§ What you need to do:
When the line containing "7) car [357,250,382,268]" appears in the entries below, begin printing there and stop after the line containing "- **name**: translation"; print each of those lines exactly and no other line.

[Start of section]

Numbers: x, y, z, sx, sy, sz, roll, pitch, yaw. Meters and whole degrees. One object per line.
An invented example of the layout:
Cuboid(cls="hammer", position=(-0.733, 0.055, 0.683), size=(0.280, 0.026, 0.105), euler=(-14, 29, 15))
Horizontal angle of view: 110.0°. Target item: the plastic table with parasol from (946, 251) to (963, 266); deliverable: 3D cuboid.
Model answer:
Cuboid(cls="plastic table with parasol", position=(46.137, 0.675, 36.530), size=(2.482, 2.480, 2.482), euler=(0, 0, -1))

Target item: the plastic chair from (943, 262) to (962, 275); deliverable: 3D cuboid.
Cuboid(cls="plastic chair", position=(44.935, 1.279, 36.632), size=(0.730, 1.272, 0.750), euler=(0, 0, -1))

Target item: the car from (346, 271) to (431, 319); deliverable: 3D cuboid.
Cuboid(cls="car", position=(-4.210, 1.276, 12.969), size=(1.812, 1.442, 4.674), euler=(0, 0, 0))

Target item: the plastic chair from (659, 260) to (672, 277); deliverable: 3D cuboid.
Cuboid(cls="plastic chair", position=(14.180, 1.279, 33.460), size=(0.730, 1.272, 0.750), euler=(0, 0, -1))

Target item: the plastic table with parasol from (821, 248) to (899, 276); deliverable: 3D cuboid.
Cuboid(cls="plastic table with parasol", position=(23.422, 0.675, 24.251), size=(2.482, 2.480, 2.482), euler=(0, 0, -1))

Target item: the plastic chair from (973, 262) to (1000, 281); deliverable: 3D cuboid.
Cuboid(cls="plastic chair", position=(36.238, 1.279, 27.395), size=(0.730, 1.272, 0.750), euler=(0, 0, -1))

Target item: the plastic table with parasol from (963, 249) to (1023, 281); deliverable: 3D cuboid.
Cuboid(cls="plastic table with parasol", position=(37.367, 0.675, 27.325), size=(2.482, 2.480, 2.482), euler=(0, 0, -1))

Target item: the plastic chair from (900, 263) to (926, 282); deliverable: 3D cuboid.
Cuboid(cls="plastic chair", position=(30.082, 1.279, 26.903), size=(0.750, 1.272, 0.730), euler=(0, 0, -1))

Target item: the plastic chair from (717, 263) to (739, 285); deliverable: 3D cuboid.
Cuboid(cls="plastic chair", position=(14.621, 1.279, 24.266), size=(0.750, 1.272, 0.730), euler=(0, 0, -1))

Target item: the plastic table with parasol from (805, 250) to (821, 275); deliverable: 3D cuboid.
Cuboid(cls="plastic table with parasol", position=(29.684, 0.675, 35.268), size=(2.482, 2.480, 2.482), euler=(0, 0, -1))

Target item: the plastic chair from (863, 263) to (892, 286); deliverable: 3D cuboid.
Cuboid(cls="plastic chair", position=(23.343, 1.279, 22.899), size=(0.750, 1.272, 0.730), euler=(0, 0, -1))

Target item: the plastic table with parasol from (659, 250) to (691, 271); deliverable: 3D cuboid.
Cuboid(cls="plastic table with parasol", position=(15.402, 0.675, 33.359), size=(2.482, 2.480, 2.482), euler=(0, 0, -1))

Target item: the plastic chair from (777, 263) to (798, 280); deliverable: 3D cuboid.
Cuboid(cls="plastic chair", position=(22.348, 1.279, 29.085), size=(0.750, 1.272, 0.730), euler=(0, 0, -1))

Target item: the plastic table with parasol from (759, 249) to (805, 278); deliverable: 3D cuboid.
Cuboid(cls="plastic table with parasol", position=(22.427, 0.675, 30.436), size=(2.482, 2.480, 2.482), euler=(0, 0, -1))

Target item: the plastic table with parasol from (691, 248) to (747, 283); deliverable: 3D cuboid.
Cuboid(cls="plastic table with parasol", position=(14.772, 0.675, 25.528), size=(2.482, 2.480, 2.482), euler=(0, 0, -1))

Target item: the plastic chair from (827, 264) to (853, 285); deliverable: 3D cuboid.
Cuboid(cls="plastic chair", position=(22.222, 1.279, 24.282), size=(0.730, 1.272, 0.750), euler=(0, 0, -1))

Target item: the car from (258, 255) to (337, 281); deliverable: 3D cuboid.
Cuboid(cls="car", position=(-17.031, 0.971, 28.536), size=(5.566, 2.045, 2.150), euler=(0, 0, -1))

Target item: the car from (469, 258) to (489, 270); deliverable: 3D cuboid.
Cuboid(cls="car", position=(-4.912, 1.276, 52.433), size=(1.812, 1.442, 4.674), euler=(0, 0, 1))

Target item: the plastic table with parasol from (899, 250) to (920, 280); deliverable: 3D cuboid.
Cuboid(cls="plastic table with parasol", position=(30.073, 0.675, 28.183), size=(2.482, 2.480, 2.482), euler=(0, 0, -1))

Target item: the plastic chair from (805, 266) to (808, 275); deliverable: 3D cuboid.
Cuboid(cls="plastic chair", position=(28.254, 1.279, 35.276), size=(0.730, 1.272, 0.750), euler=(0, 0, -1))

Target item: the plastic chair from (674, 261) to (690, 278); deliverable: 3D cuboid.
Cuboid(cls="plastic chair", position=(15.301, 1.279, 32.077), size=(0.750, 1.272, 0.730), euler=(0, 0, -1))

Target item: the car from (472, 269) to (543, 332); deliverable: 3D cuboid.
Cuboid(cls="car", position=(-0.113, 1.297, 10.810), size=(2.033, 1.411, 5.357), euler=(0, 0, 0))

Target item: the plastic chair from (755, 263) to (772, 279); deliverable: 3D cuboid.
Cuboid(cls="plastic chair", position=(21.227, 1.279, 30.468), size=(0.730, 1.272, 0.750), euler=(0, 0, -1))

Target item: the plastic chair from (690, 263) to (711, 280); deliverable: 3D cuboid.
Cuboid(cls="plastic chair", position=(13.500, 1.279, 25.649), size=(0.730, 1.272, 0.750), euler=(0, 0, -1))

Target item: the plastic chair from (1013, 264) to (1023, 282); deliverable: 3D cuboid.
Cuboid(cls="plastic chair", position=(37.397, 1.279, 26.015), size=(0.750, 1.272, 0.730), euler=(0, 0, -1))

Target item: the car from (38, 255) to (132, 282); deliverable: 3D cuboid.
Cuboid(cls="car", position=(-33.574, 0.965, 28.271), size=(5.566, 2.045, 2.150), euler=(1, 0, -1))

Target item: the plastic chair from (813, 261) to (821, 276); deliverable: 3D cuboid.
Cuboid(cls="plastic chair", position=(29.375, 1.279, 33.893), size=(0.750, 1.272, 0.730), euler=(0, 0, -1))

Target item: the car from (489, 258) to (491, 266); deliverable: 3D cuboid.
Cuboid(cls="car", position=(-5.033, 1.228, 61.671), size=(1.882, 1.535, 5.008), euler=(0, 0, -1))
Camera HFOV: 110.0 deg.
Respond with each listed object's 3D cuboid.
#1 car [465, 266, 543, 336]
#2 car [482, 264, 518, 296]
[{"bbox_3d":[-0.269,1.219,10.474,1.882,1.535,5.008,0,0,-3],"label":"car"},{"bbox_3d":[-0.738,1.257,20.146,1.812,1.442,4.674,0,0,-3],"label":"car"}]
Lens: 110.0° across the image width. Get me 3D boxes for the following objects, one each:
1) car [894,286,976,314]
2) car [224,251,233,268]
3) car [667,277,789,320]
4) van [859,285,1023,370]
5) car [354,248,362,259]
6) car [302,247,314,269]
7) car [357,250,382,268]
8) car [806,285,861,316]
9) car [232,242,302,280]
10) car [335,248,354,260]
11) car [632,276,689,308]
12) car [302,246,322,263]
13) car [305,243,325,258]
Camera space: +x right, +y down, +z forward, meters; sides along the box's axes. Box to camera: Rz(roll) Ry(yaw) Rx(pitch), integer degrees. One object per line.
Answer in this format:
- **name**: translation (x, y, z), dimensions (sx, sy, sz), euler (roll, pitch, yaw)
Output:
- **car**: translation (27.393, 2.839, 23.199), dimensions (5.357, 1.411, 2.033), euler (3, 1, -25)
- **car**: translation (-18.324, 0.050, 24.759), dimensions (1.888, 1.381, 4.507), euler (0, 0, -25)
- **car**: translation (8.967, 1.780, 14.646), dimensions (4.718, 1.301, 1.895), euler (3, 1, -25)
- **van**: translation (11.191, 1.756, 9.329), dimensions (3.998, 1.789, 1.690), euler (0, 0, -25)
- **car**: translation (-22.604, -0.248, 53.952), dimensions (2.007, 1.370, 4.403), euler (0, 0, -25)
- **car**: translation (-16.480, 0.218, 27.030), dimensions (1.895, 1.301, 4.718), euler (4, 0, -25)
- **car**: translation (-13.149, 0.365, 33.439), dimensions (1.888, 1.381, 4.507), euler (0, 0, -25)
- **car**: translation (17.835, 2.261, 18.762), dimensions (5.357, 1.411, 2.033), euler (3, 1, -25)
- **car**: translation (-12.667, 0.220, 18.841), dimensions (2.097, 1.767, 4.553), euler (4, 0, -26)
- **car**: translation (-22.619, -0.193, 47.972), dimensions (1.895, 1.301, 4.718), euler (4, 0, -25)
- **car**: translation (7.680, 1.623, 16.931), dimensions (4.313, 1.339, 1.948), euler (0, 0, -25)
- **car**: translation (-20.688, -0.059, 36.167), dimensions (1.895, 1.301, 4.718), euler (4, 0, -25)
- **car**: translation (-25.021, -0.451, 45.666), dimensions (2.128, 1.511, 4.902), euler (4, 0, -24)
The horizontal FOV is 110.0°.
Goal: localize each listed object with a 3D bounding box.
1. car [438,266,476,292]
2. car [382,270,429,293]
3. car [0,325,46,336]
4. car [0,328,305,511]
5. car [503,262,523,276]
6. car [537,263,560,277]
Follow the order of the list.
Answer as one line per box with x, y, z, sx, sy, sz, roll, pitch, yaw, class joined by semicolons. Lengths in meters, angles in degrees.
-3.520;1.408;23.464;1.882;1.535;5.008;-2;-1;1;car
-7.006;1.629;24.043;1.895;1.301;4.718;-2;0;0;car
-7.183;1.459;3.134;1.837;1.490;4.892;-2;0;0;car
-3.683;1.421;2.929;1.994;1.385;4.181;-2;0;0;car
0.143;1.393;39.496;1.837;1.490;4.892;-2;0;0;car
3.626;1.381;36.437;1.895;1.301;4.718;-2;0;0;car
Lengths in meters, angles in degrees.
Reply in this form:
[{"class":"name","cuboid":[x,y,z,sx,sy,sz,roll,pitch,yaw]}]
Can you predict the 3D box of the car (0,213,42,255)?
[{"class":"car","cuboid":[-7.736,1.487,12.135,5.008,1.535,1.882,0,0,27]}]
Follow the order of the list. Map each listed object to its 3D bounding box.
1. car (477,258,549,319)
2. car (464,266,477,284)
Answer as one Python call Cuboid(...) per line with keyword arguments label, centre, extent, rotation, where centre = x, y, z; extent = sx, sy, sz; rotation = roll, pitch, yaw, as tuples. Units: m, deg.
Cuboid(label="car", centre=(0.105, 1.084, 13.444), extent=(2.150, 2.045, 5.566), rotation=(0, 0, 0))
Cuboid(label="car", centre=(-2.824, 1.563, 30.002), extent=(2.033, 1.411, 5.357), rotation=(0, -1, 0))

[End of section]

§ Expected answer:
7) car [357,250,382,268]
8) car [806,285,861,316]
9) car [232,242,302,280]
10) car [335,248,354,260]
11) car [632,276,689,308]
12) car [302,246,322,263]
13) car [305,243,325,258]
Camera space: +x right, +y down, +z forward, meters; sides along the box's axes. Box to camera: Rz(roll) Ry(yaw) Rx(pitch), integer degrees. One object per line.
Answer in this format:
- **name**: translation (x, y, z), dimensions (sx, sy, sz), euler (roll, pitch, yaw)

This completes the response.